1. **RNNs:** Networks that can process sequences of varying lengths
2. **LSTMs:** Advanced RNNs that can remember long-range dependencies
3. **Embeddings:** How to represent amino acids as vectors
4. **Bidirectional Processing:** Reading sequences forward AND backward
5. **Handling Variable Lengths:** Padding and masking techniques

## 🔧 Why RNNs/LSTMs for Sequences?

Unlike CNNs (which look at local patterns), RNNs:
- Process one amino acid at a time
- Maintain a "memory" of what they've seen
- Can handle sequences of any length
- Capture long-range dependencies (amino acids far apart but functionally related)

Let's dive in! 🚀

---


## 1. Setup and Imports

In [None]:
import torch
import torch.nn as nn
import torch.optim as optim
from torch.utils.data import Dataset, DataLoader, random_split
from torch.nn.utils.rnn import pack_padded_sequence, pad_packed_sequence

import numpy as np
import pandas as pd
import matplotlib.pyplot as plt
import seaborn as sns
from sklearn.metrics import confusion_matrix, classification_report
from tqdm import tqdm

# Set random seeds
torch.manual_seed(42)
np.random.seed(42)

# Device configuration
device = torch.device('cuda' if torch.cuda.is_available() else 'cpu')
print(f"Using device: {device}")
if device.type == 'cuda':
    print(f"GPU: {torch.cuda.get_device_name(0)}")
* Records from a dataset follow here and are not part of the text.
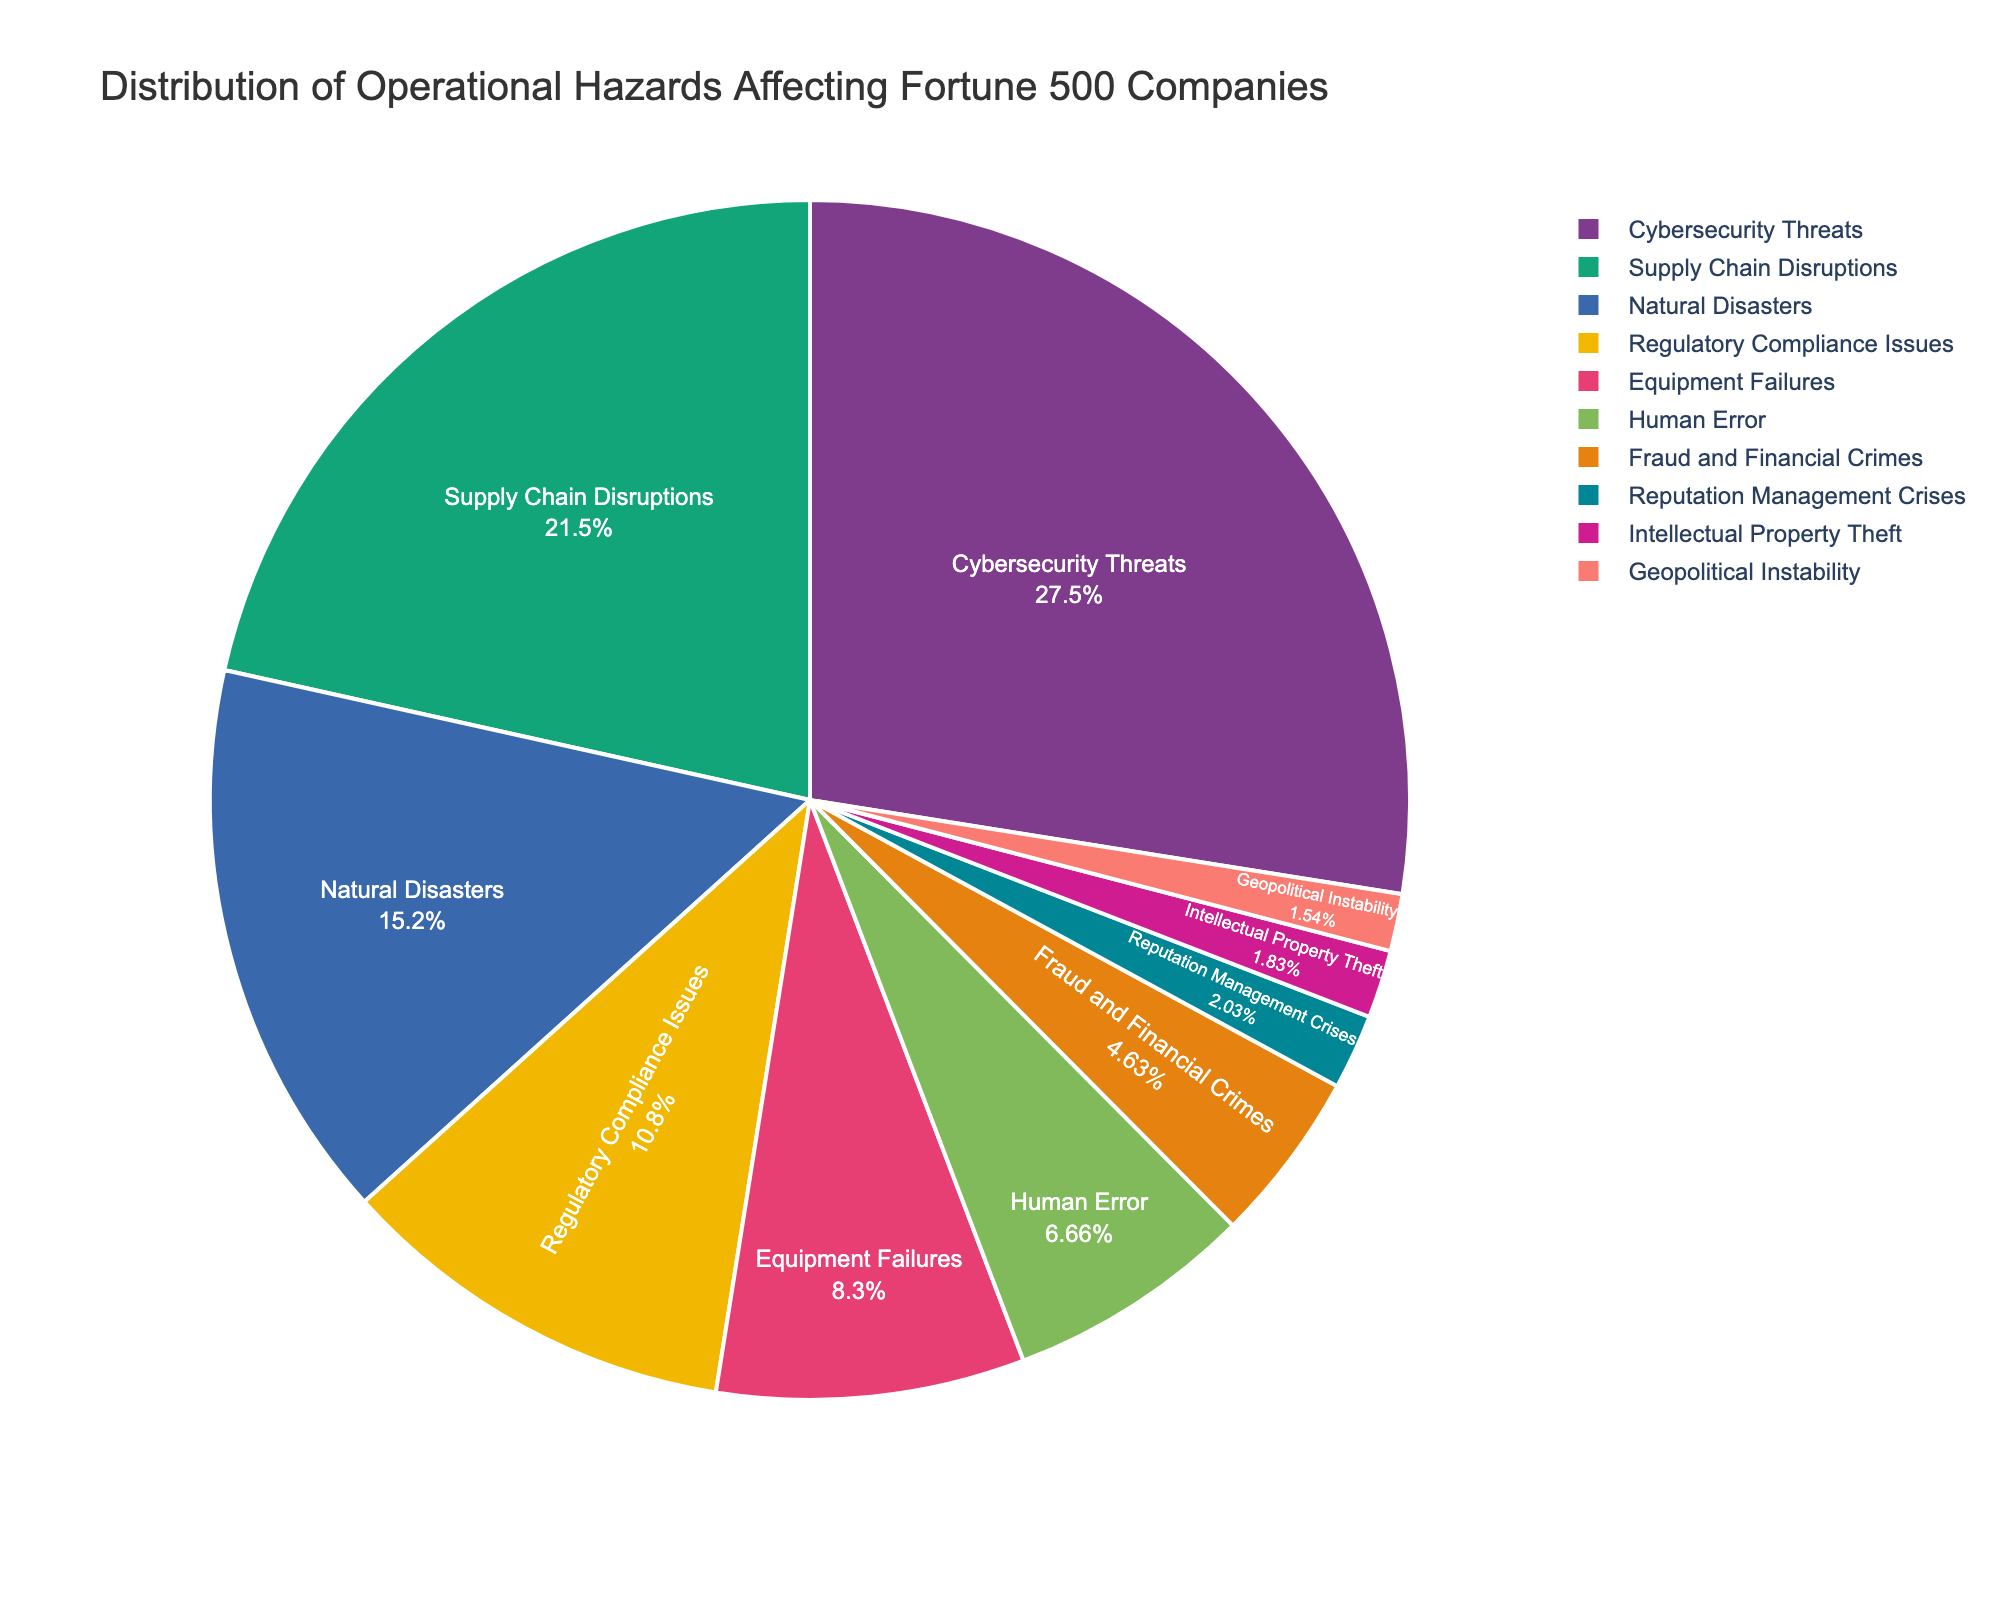What's the largest category of operational hazards? The largest category is the one with the highest percentage. According to the data, Cybersecurity Threats have the highest percentage at 28.5%.
Answer: Cybersecurity Threats Which two categories combined account for nearly half of the operational hazards? To find the categories that combined account for nearly half, we sum the percentages of the two largest categories: Cybersecurity Threats (28.5%) and Supply Chain Disruptions (22.3%). Their sum is 28.5% + 22.3% = 50.8%, which is more than half.
Answer: Cybersecurity Threats and Supply Chain Disruptions What is the percentage difference between Cybersecurity Threats and Natural Disasters? The percentage for Cybersecurity Threats is 28.5% and for Natural Disasters is 15.7%. The difference is calculated as 28.5% - 15.7% = 12.8%.
Answer: 12.8% Which category is visually the smallest on the pie chart, and what is its percentage? The smallest slice in the pie chart corresponds to the category with the smallest percentage. Geopolitical Instability has the smallest percentage at 1.6%.
Answer: Geopolitical Instability, 1.6% Between Equipment Failures and Human Error, which has a higher percentage and by how much? Equipment Failures has a percentage of 8.6% while Human Error has 6.9%. The difference is calculated as 8.6% - 6.9% = 1.7%.
Answer: Equipment Failures, 1.7% What is the combined percentage of the three least significant operational hazards? The three least significant categories are Geopolitical Instability (1.6%), Intellectual Property Theft (1.9%), and Reputation Management Crises (2.1%). The combined percentage is calculated as 1.6% + 1.9% + 2.1% = 5.6%.
Answer: 5.6% How does the percentage of Regulatory Compliance Issues compare to Equipment Failures? Regulatory Compliance Issues have a percentage of 11.2% while Equipment Failures have 8.6%. Regulatory Compliance Issues are greater.
Answer: Regulatory Compliance Issues are greater Are the sum of percentages for Fraud and Financial Crimes and Reputation Management Crises greater than Supply Chain Disruptions? Fraud and Financial Crimes are 4.8% and Reputation Management Crises are 2.1%. Their combined total is 4.8% + 2.1% = 6.9%, which is less than 22.3% for Supply Chain Disruptions.
Answer: No What is the average percentage of Natural Disasters, Human Error, and Regulatory Compliance Issues? Their percentages are Natural Disasters (15.7%), Human Error (6.9%), and Regulatory Compliance Issues (11.2%). The sum is 15.7% + 6.9% + 11.2% = 33.8%. The average is 33.8% / 3 ≈ 11.27%.
Answer: 11.27% 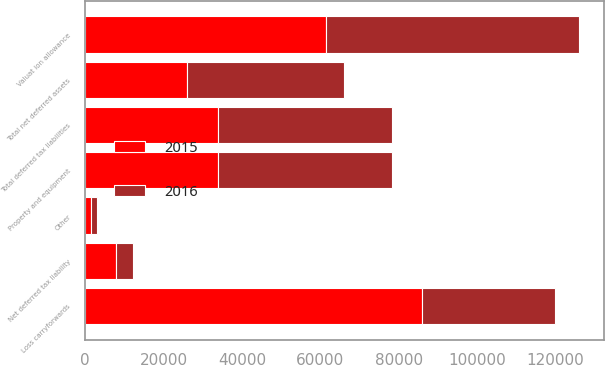Convert chart. <chart><loc_0><loc_0><loc_500><loc_500><stacked_bar_chart><ecel><fcel>Loss carryforwards<fcel>Other<fcel>Valuat ion allowance<fcel>Total net deferred assets<fcel>Property and equipment<fcel>Total deferred tax liabilities<fcel>Net deferred tax liability<nl><fcel>2016<fcel>33862<fcel>1564<fcel>64573<fcel>40182<fcel>44398<fcel>44398<fcel>4216<nl><fcel>2015<fcel>85939<fcel>1460<fcel>61437<fcel>25962<fcel>33862<fcel>33862<fcel>7900<nl></chart> 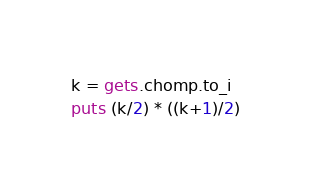Convert code to text. <code><loc_0><loc_0><loc_500><loc_500><_Ruby_>k = gets.chomp.to_i
puts (k/2) * ((k+1)/2)</code> 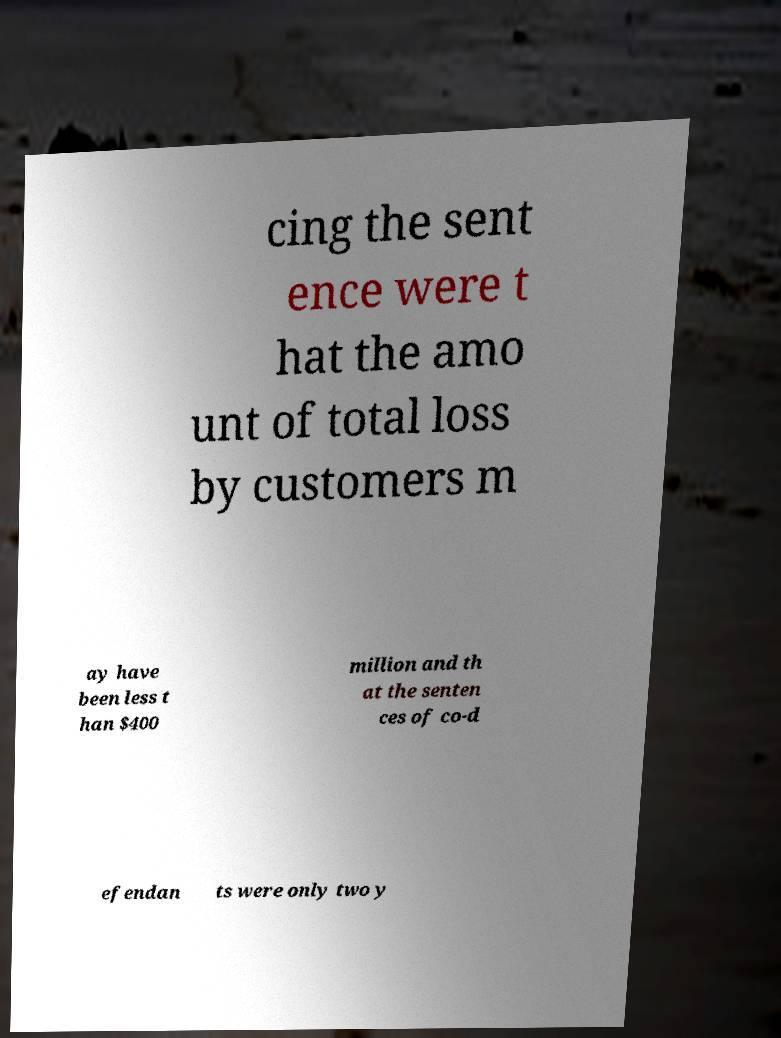I need the written content from this picture converted into text. Can you do that? cing the sent ence were t hat the amo unt of total loss by customers m ay have been less t han $400 million and th at the senten ces of co-d efendan ts were only two y 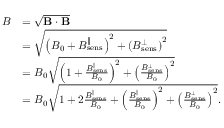<formula> <loc_0><loc_0><loc_500><loc_500>\begin{array} { r l } { B } & { = \sqrt { B \cdot B } } \\ & { = \sqrt { \left ( B _ { 0 } + B _ { s e n s } ^ { \| } \right ) ^ { 2 } + \left ( B _ { s e n s } ^ { \perp } \right ) ^ { 2 } } } \\ & { = B _ { 0 } \sqrt { \left ( 1 + \frac { B _ { s e n s } ^ { \| } } { B _ { 0 } } \right ) ^ { 2 } + \left ( \frac { B _ { s e n s } ^ { \perp } } { B _ { 0 } } \right ) ^ { 2 } } } \\ & { = B _ { 0 } \sqrt { 1 + 2 \frac { B _ { s e n s } ^ { \| } } { B _ { 0 } } + \left ( \frac { B _ { s e n s } ^ { \| } } { B _ { 0 } } \right ) ^ { 2 } + \left ( \frac { B _ { s e n s } ^ { \perp } } { B _ { 0 } } \right ) ^ { 2 } } . } \end{array}</formula> 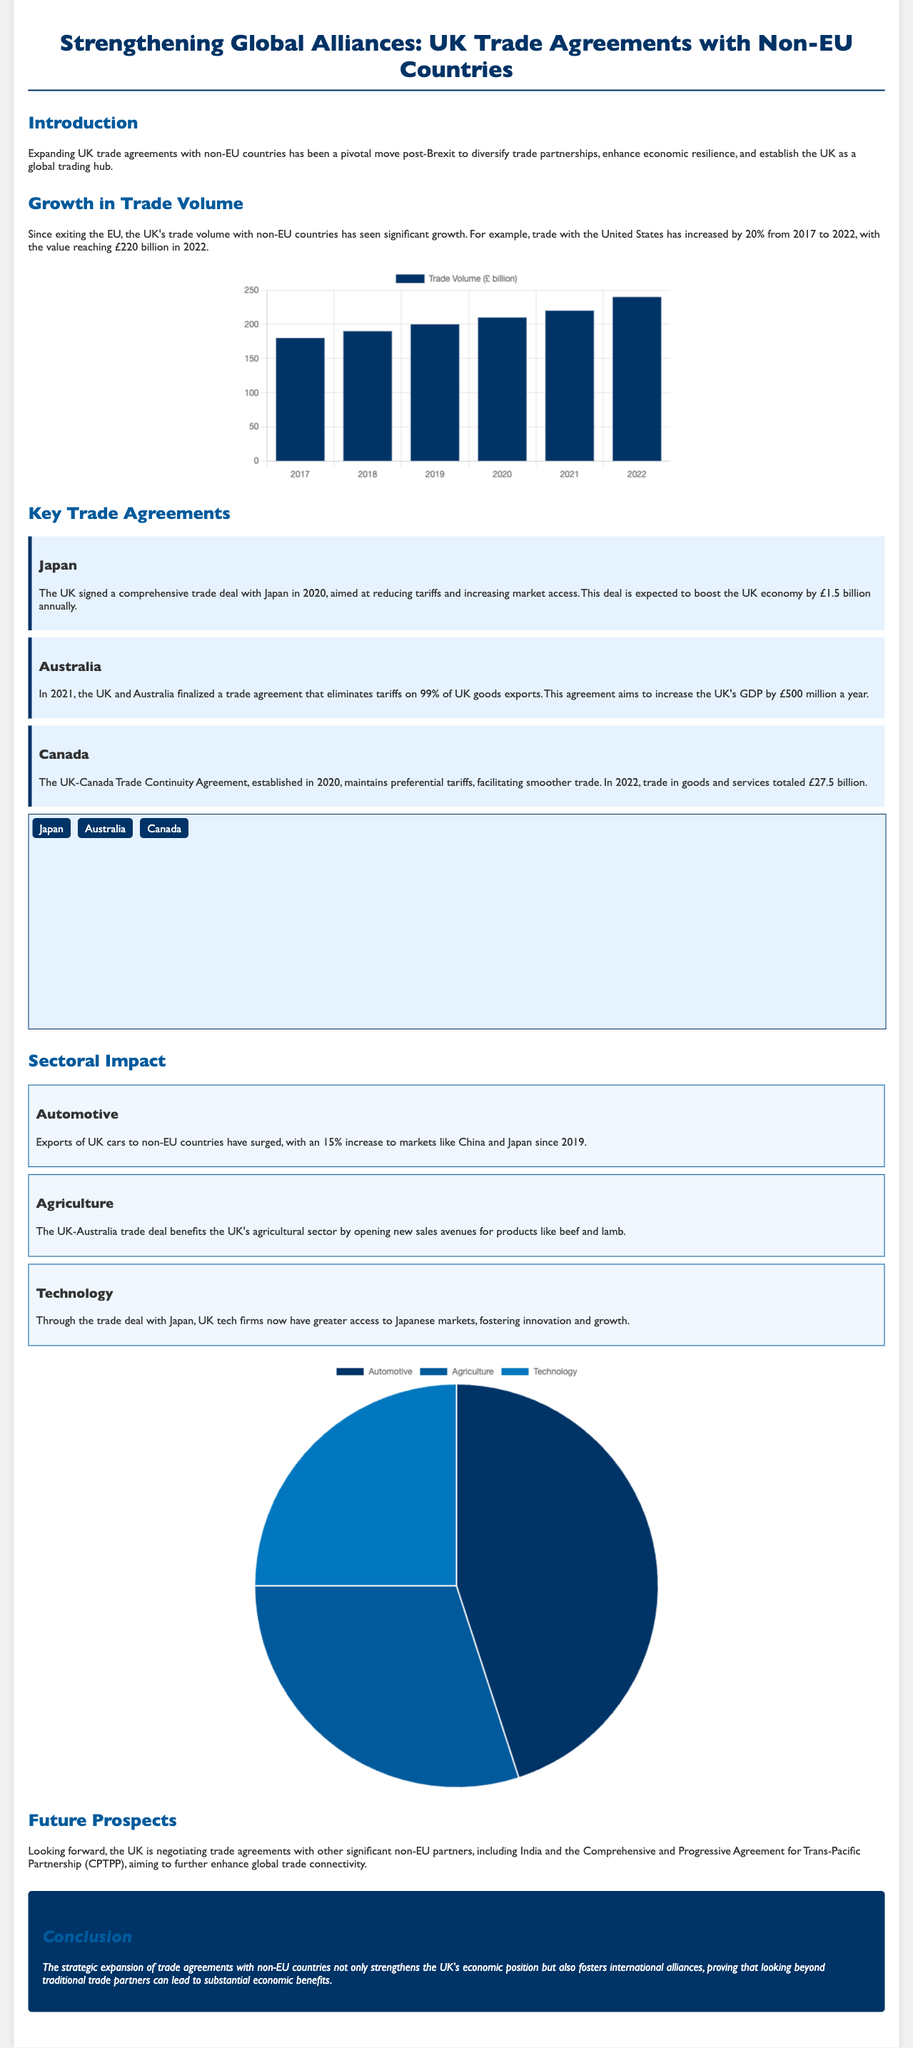What was the trade volume with the United States in 2022? The trade volume with the United States reached £220 billion in 2022.
Answer: £220 billion What is the expected annual boost to the UK economy from the Japan trade deal? The Japan trade deal is expected to boost the UK economy by £1.5 billion annually.
Answer: £1.5 billion Which non-EU country is the UK negotiating a trade agreement with? The UK is negotiating trade agreements with India among other partners.
Answer: India What percentage increase in UK car exports to non-EU countries has occurred since 2019? Exports of UK cars to non-EU countries have surged with a 15% increase since 2019.
Answer: 15% What year was the trade agreement with Australia finalized? The UK and Australia finalized their trade agreement in 2021.
Answer: 2021 How much was the total trade in goods and services with Canada in 2022? In 2022, trade in goods and services with Canada totaled £27.5 billion.
Answer: £27.5 billion What type of chart illustrates the growth in trade volume? A bar chart illustrates the growth in trade volume in the document.
Answer: Bar chart What background color is used for the trade agreements section? The background color for the trade agreements section is #e6f3ff.
Answer: #e6f3ff What is the primary focus of the infographics document? The primary focus of the document is on strengthening global alliances through trade agreements with non-EU countries.
Answer: Strengthening global alliances

## 2. Understanding Amino Acids and Protein Encoding

Proteins are made of 20 standard amino acids. Each has different properties:
- **Hydrophobic**: A, V, I, L, M, F, W, P
- **Polar**: S, T, N, Q, Y, C
- **Charged**: K, R, H (positive), D, E (negative)
- **Special**: G (flexible), P (rigid)

We'll use integer encoding where each amino acid gets a unique number.

In [None]:
# Amino acid vocabulary
AMINO_ACIDS = 'ACDEFGHIKLMNPQRSTVWY'
aa_to_idx = {aa: idx + 1 for idx, aa in enumerate(AMINO_ACIDS)}  # 0 reserved for padding
aa_to_idx['<PAD>'] = 0
idx_to_aa = {idx: aa for aa, idx in aa_to_idx.items()}

print("Amino acid encoding:")
for aa, idx in list(aa_to_idx.items())[:5]:
    print(f"  {aa}: {idx}")
print(f"  ...")
print(f"Total vocabulary size: {len(aa_to_idx)}")

## 3. Generate Synthetic Protein Sequences

We'll create three simplified protein families:
1. **Kinases**: Often have catalytic domains with specific motifs
2. **Proteases**: Have active site residues (catalytic triad)
3. **Transporters**: Hydrophobic regions for membrane spanning

In practice, you would use databases like Pfam, UniProt, or SCOP.

In [None]:
def generate_kinase_sequence(length=150):
    """
    Generate synthetic kinase-like sequence.
    Kinases often have ATP-binding motif (GXGXXG) and catalytic loop (DFG).
    """
    sequence = [np.random.choice(list(AMINO_ACIDS)) for _ in range(length)]
    
    # Insert ATP-binding motif
    motif = ['G', 'K', 'G', 'S', 'F', 'G']
    pos = np.random.randint(10, 40)
    sequence[pos:pos+len(motif)] = motif
    
    # Insert catalytic motif (DFG)
    catalytic = ['D', 'F', 'G']
    pos = np.random.randint(60, 90)
    sequence[pos:pos+len(catalytic)] = catalytic
    
    return ''.join(sequence)

def generate_protease_sequence(length=150):
    """
    Generate synthetic protease-like sequence.
    Proteases have catalytic triad (Ser-His-Asp or Cys-His-Asn).
    """
    sequence = [np.random.choice(list(AMINO_ACIDS)) for _ in range(length)]
    
    # Insert catalytic triad residues at different positions
    positions = [np.random.randint(20, 50), 
                 np.random.randint(60, 90), 
                 np.random.randint(100, 130)]
    sequence[positions[0]] = 'S'  # Serine
    sequence[positions[1]] = 'H'  # Histidine
    sequence[positions[2]] = 'D'  # Aspartate
    
    return ''.join(sequence)

def generate_transporter_sequence(length=150):
    """
    Generate synthetic transporter-like sequence.
    Transporters have hydrophobic transmembrane regions.
    """
    hydrophobic_aa = 'AVILMFW'
    sequence = []
    
    # Create alternating hydrophobic and mixed regions
    pos = 0
    while pos < length:
        if pos % 40 < 20:  # Transmembrane region
            sequence.append(np.random.choice(list(hydrophobic_aa)))
        else:  # Cytoplasmic/extracellular region
            sequence.append(np.random.choice(list(AMINO_ACIDS)))
        pos += 1
    
    return ''.join(sequence)

# Generate dataset
n_samples_per_class = 400
sequences = []
labels = []
label_names = ['Kinase', 'Protease', 'Transporter']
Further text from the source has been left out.